# tiller runs out of gas with a full tank???



## dirtdobbertwo (Aug 26, 2009)

5 hp briggs engine has steel gas tank with carb bolted to tank. will start and run a few seconds and die. i found that the gas bowl built into the top of tank is empty of gas and if i shake the tiller around it gets gas in the bowl and it will start and run until the bowl is empty.
the long tube and screen is clear and no air leak. the carb has been soaked in carb cleaner and blew out with air hose. the diaphram and spring replaced.
i carried it to a shop that has been doing small engine repair for 28 years and he gave up on finding a fix. said a new carb maybe.
tiller is about 8 years old and has not been run for a year but was running ok when last used. any ideas?
thanks jerry


----------



## Al Bunzel (Apr 20, 2009)

Hi,

what does the float in the carby look like? Is there a white powdery substance on it?

I've had engines where I needed to take the spark plug out, pour a tea spoon of gasoline into the spark plug hole, put spark plug back on and spark lead.
Start the motor and run it until it stopped.
Then repeat the "spoon feed" process until the carby was able to feed motor fuel.

Makesure you have fresh gasoline in your tank.

Also, check that the float in the carby bowl is not sticky.

Do you have a picture of the set up?
I've interpreted your posting in relation to the carby as the Carby is sitting above the tank. If that is the case, is there a fuel pump?
Is the gas bowl the carby bowl or is it something else?

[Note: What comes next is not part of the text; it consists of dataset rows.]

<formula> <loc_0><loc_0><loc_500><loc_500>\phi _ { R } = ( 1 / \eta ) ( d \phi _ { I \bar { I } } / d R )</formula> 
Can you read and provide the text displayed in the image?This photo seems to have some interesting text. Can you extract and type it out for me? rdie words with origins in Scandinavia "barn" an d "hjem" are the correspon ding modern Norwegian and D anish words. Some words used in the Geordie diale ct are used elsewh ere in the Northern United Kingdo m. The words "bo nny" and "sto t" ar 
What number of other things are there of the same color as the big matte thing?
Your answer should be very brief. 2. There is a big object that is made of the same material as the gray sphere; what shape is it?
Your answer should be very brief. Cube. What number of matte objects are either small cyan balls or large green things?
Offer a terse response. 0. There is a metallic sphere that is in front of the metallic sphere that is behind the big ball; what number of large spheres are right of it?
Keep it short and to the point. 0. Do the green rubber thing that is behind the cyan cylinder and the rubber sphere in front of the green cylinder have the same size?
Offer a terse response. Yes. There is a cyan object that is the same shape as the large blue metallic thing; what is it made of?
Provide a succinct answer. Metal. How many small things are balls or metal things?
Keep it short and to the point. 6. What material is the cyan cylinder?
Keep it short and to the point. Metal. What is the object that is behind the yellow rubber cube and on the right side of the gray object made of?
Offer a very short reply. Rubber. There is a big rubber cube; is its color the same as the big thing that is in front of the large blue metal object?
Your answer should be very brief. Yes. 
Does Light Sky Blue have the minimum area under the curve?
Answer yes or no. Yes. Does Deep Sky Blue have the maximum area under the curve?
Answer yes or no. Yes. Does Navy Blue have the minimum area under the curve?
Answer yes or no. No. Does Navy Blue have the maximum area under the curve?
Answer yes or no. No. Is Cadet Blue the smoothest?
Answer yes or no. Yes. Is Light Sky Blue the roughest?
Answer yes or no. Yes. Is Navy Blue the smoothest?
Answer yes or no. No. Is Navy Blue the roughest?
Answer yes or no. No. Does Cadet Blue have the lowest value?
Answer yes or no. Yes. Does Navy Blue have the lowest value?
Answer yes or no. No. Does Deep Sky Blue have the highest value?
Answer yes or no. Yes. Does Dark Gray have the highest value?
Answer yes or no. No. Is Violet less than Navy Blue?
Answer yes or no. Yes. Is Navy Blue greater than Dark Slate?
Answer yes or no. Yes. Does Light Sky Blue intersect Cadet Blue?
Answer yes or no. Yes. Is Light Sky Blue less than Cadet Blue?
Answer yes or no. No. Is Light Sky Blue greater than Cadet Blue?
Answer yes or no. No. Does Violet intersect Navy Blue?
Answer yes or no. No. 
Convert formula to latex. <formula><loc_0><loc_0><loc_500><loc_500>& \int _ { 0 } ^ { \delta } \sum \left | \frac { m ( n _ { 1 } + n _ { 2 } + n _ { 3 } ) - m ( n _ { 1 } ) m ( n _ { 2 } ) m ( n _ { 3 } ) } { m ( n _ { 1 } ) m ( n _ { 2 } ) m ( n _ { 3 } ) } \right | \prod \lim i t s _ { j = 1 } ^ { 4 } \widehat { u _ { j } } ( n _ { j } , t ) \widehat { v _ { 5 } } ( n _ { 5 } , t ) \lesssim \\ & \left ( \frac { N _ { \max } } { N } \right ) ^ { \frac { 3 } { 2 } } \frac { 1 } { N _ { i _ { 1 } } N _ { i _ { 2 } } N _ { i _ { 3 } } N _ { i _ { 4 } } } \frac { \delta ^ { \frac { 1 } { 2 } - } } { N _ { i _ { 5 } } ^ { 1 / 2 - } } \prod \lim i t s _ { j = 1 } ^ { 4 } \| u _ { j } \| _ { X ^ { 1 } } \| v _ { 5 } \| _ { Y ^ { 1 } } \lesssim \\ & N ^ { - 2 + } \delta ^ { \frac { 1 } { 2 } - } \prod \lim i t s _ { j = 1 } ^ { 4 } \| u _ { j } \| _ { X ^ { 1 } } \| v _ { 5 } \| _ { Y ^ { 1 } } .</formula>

Also, is there a primer bulb?

Kind Regards
AlBunzel


----------



## Maytag (Dec 10, 2007)

Dirtdobbertwo,
If I'm reading it right you have the carb that is mounted directly to the tank and there is NO float. What little I know of these (I have one and just replaced the gaskets) the carb draws fuel up into itself and then deposits it into the "small fuel tank" inside the large one. This acts like the float system of the engines with seperated tank and carb. Then the engine vacuum draws from this smaller tank. 
I've seen a diagram on the internet on how this works. If I can find it I'll forward it on unless one of the real mechanics in here can get it to you faster. Diaphrams and gaskets need to be in pristene shape on this guy. Any leaks and your sunk.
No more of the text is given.